Hydrogen shares have been among the biggest winners on the market in recent months. And the new year has already brought rich performance for investors in this sector. But recently profit-taking has set in in the sector – an indication of a price slump across the board?
The hydrogen sector is seen as the trend market of the future. Investors have invested heavily in the sector over the past year, helping industry players such as NEL, Ballard Power and ITM Power to make massive gains.

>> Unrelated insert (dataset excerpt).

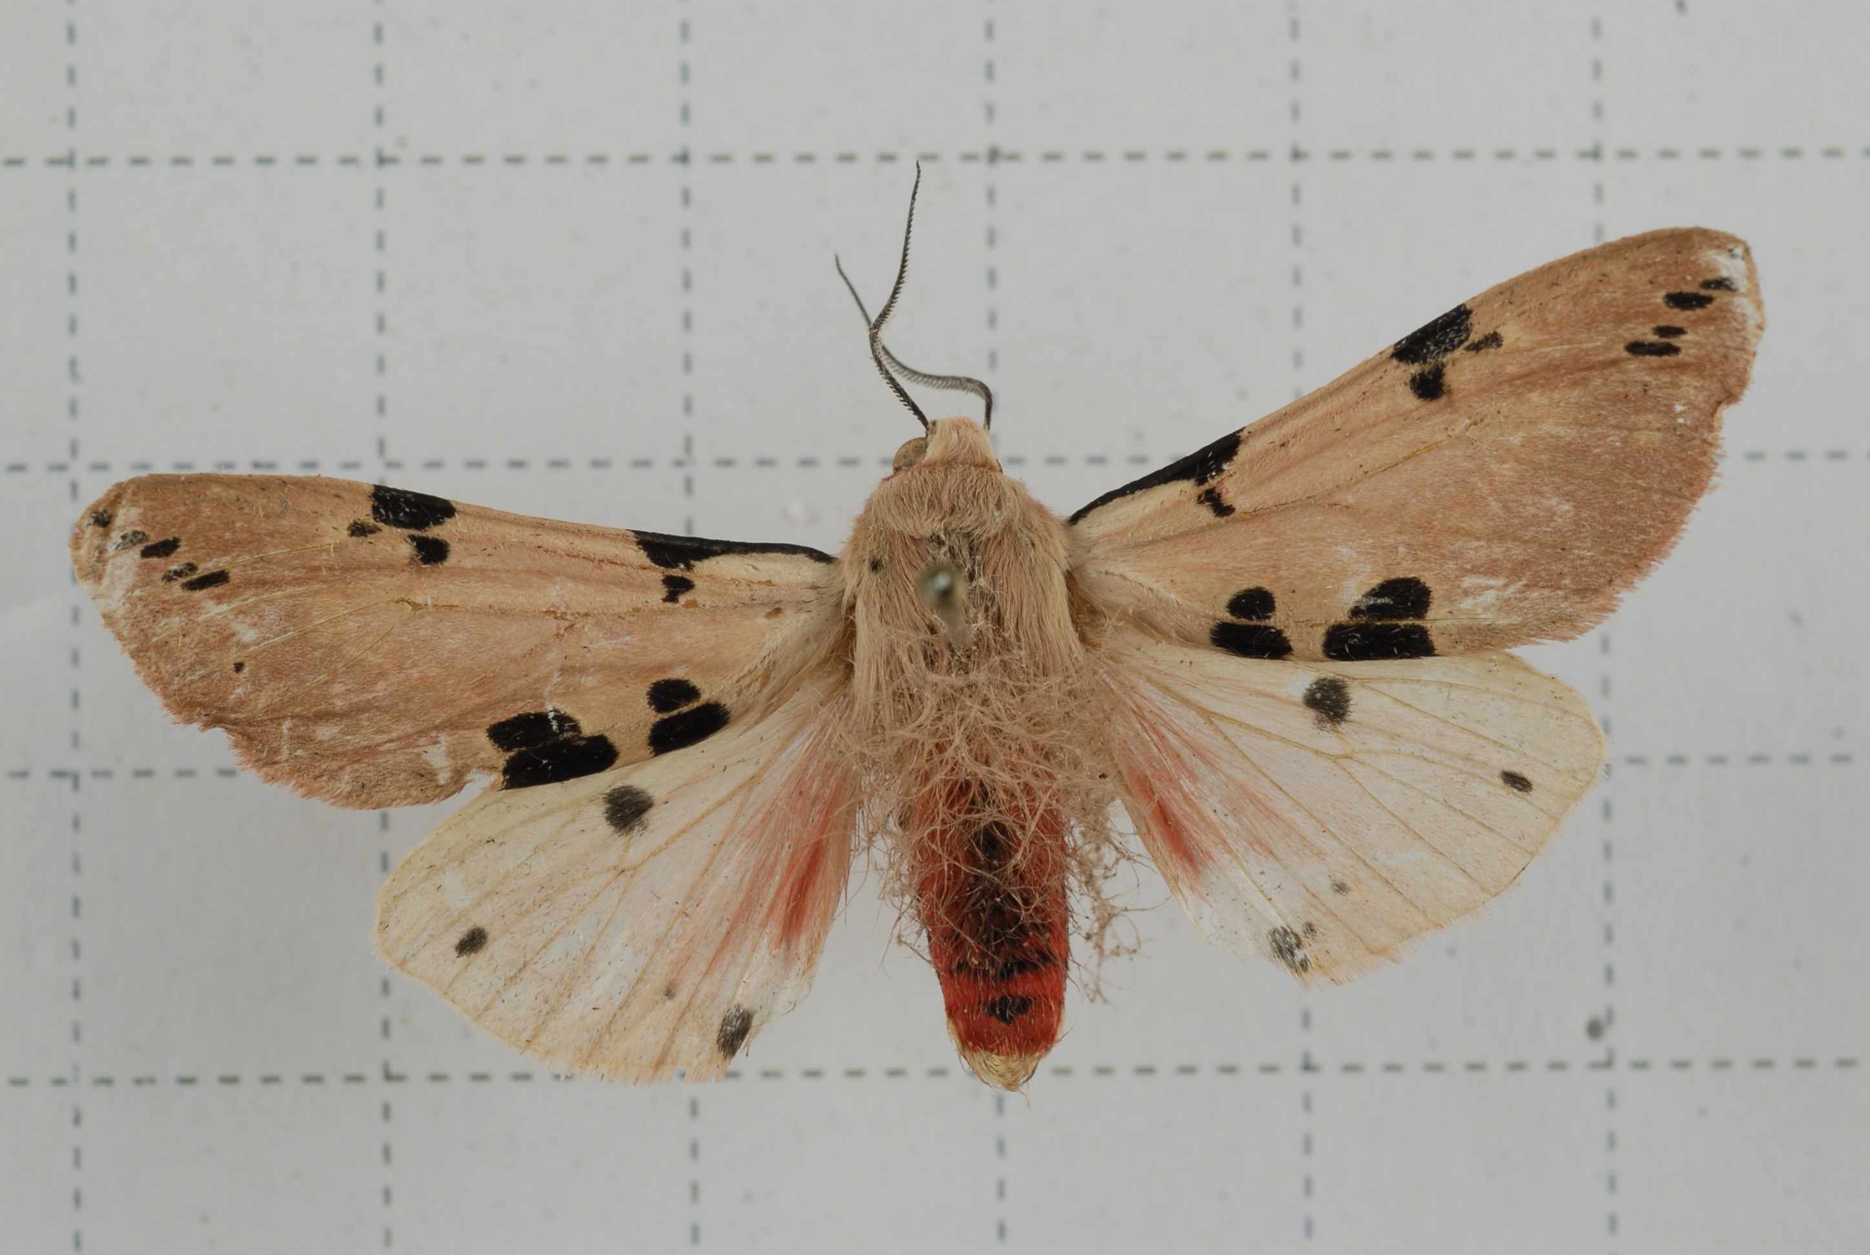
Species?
Spilarctia clava

Investors take profits on hydrogen shares
Recently, the sector had shown the first signs of weakness. ITM Power, for example, initially went downhill after reaching a multi-year high of GBP 7.20 on January 15. And Plug Power’s stock, which had hit a record high of $73.90 just a day earlier, also experienced setbacks in the days that followed, although some of the losses were recovered. Industry giant NEL also struggled with profit-taking, and investors also pulled the ripcord on FuelCell after a strong run.

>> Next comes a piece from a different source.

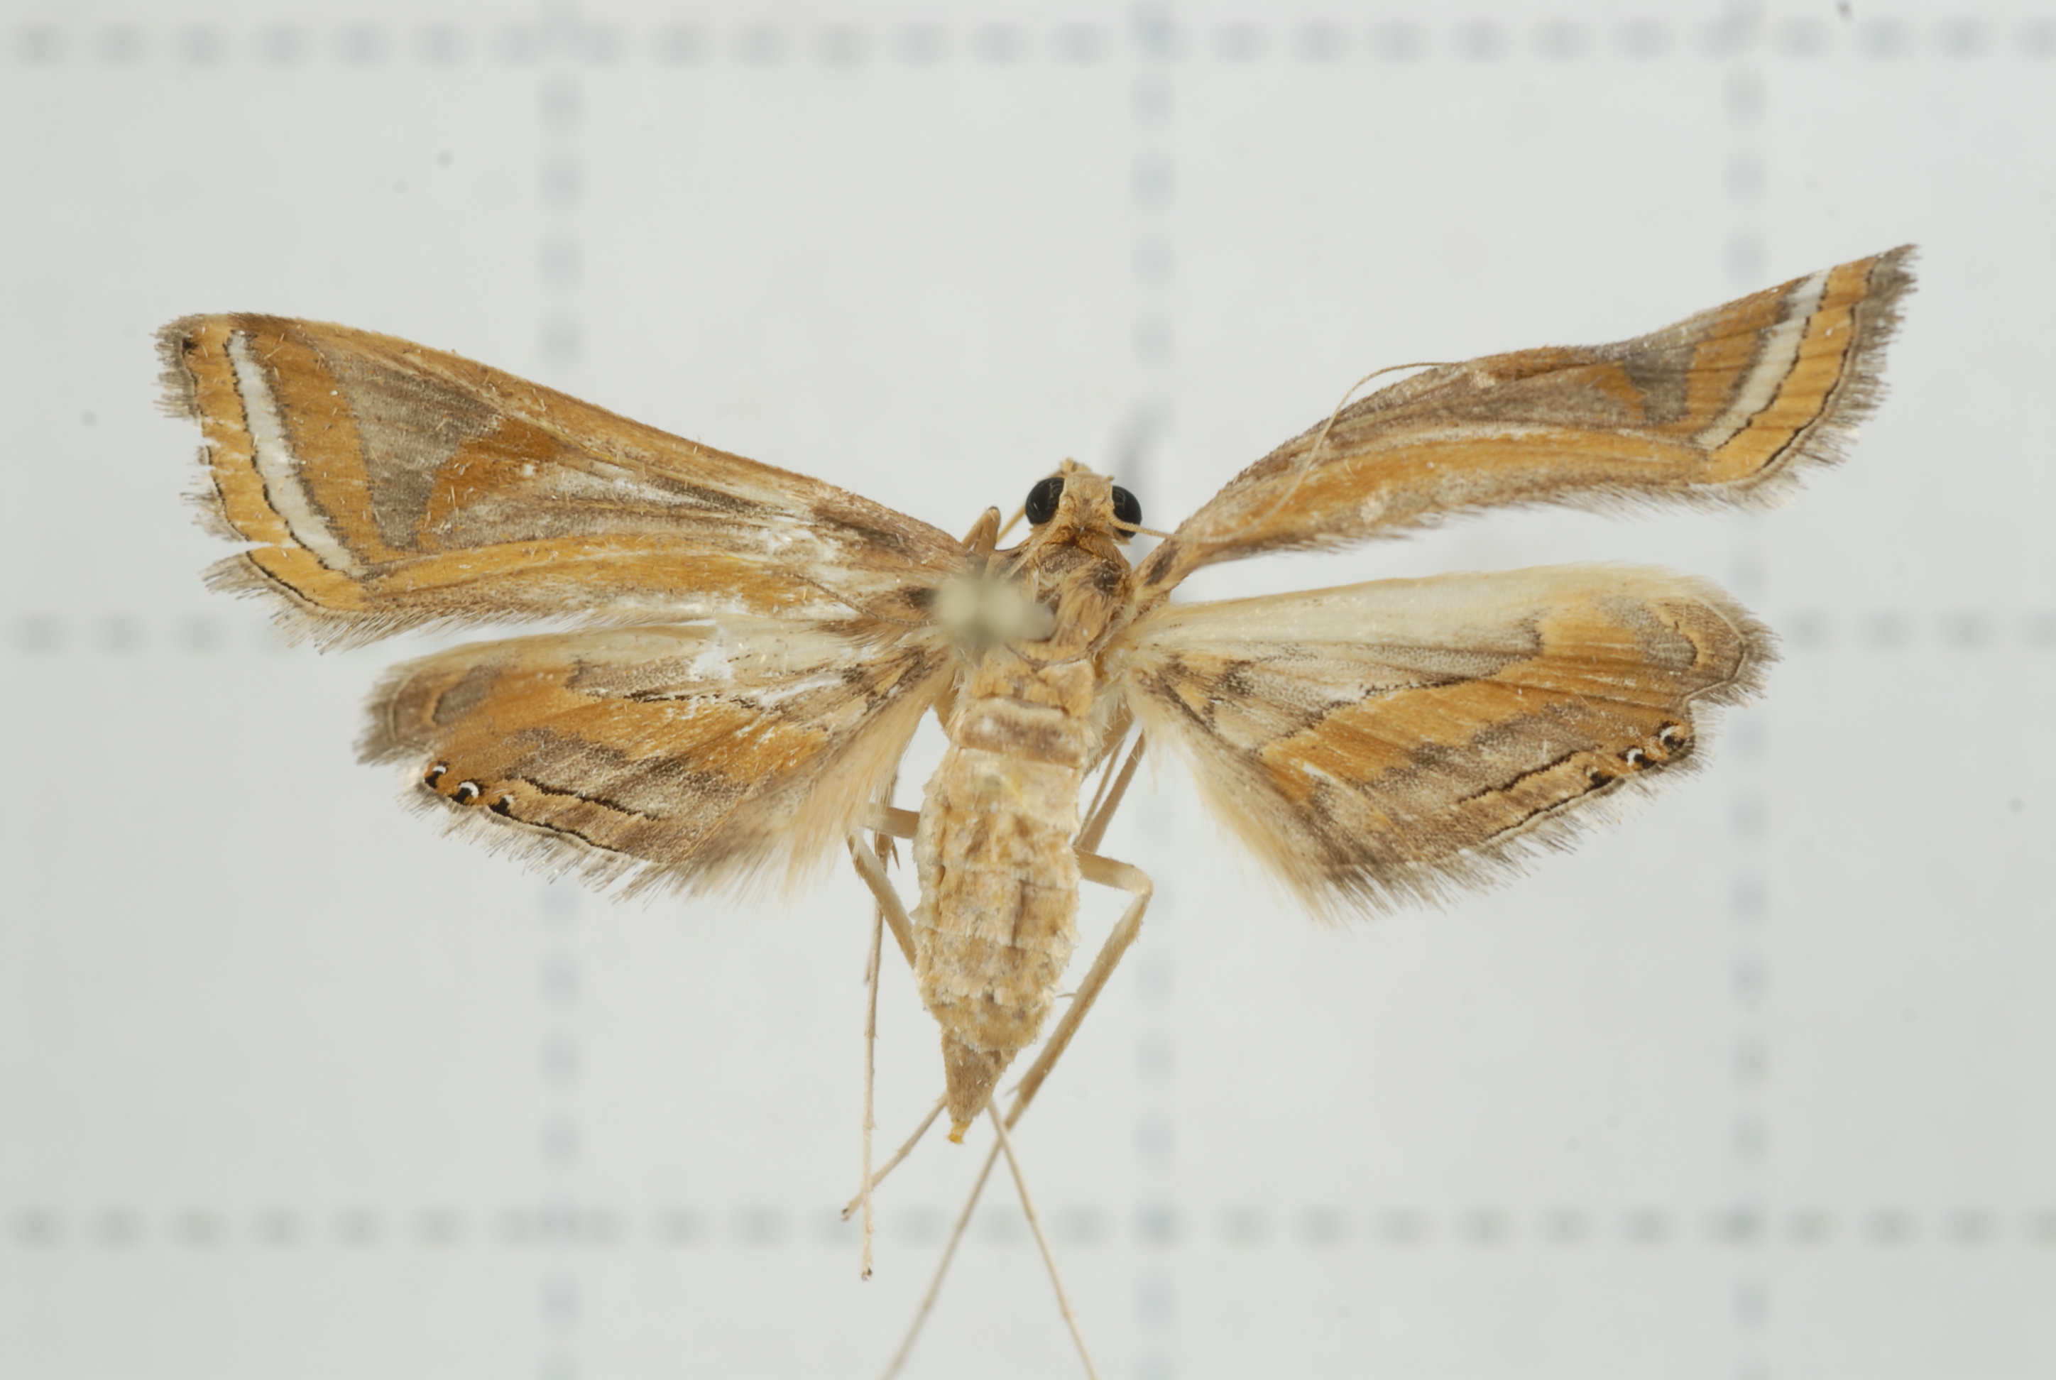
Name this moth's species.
Eoophyla gibbosalis

Shortseller spoils the mood of hydrogen investors
In addition, it was a tweet by the short-seller Kerrisdale Capital that had recently caused a bad mood in the sector. The investment firm had published a study, after which the US company Plug Power is estimated massively overvalued. In it, the experts announced they were short on the company with a stock market value of $40 billion, “which will generate just $300 million in revenue in 2020 and trades at 40 times its own aggressive revenue forecast for 2024.”
In a series of tweets, the short-seller then spoke of an “over-hyped hydrogen sector” and declared that hydrogen could not compete with electricity from solar and wind power. The world will never meaningfully use green hydrogen for energy production, he said, because it is too expensive and inefficient in storage transportation and use.

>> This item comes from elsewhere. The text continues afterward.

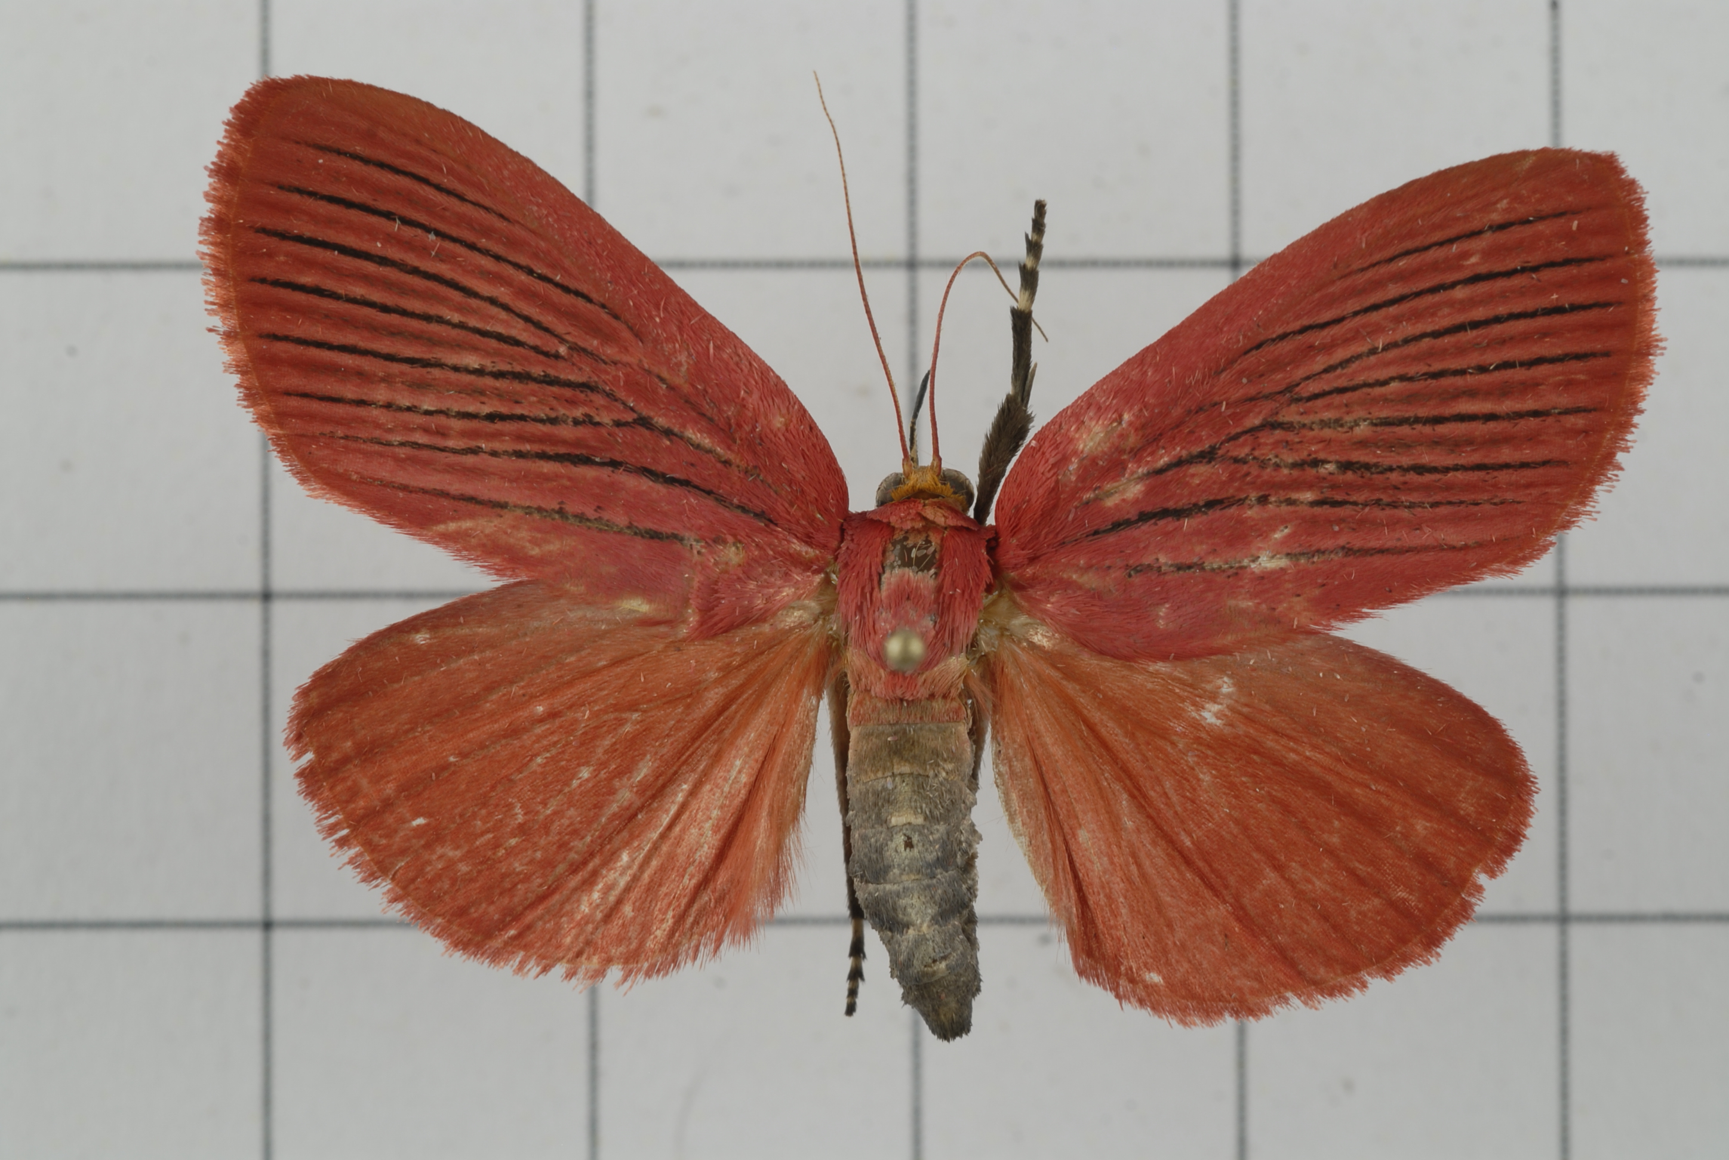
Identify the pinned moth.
Arctioblepsis rubida

First skeptical voices also from experts
Not long ago, automotive expert Ferdinand Dudenhöffer expressed similar skepticism – at least for use in the automotive segment. The director at the Center Automotive Research expressed skepticism, particularly with regard to hydrogen-powered passenger cars. He believes that buses and heavy trucks are more likely to be used, while the infrastructure for passenger cars is too expensive and too complex.
JPMorgan analyst Paul Coster also recently expressed skepticism about the sector. In particular, he took aim at the hot share price performance of many industry representatives. Most recently, he downgraded FuelCell to “Sell” and gave the stock a price target of $10. The stock fell sharply as a result, but is currently still trading above Coster’s target. The share had risen too far too fast, according to the expert, who also considers the share to be “sufficiently valued”. Just a few weeks ago, Coster had a “hold” rating on the stock, and he had explicitly emphasized that this was “not a call to sell the stock.” That has now apparently changed within a few weeks.
The expert also took a closer look at Plug Power, where the analyst had a “hold” rating ready. He also considers this share to be too expensive, which is why his target price of $60 is below the current market price. However, the share value had recently moved significantly closer to Coster’s price target: The share had to let feather as a result of the Shortseller reproach massively.
Stockstreet expert Torsten Ewert also recently expressed skepticism about the valuation of Plug Power, and he also considers NEL to be “hopelessly overvalued”. In addition, the future potential that investors attribute to the companies with the current prices is completely unrealistic,” says the expert in his current stock market letter under the heading “Overvaluation, exaggeration or bubble?”. In order to judge this, “one does not have to be a hydrogen expert. It is enough to realize that both are industrial companies. They produce equipment and plants. To do that, they need raw materials and manufacturing equipment – and the more they want to produce, the more they need.”
It remains to be seen whether investors will have to brace themselves for a broad slump in the hydrogen sector in light of the skeptical voices.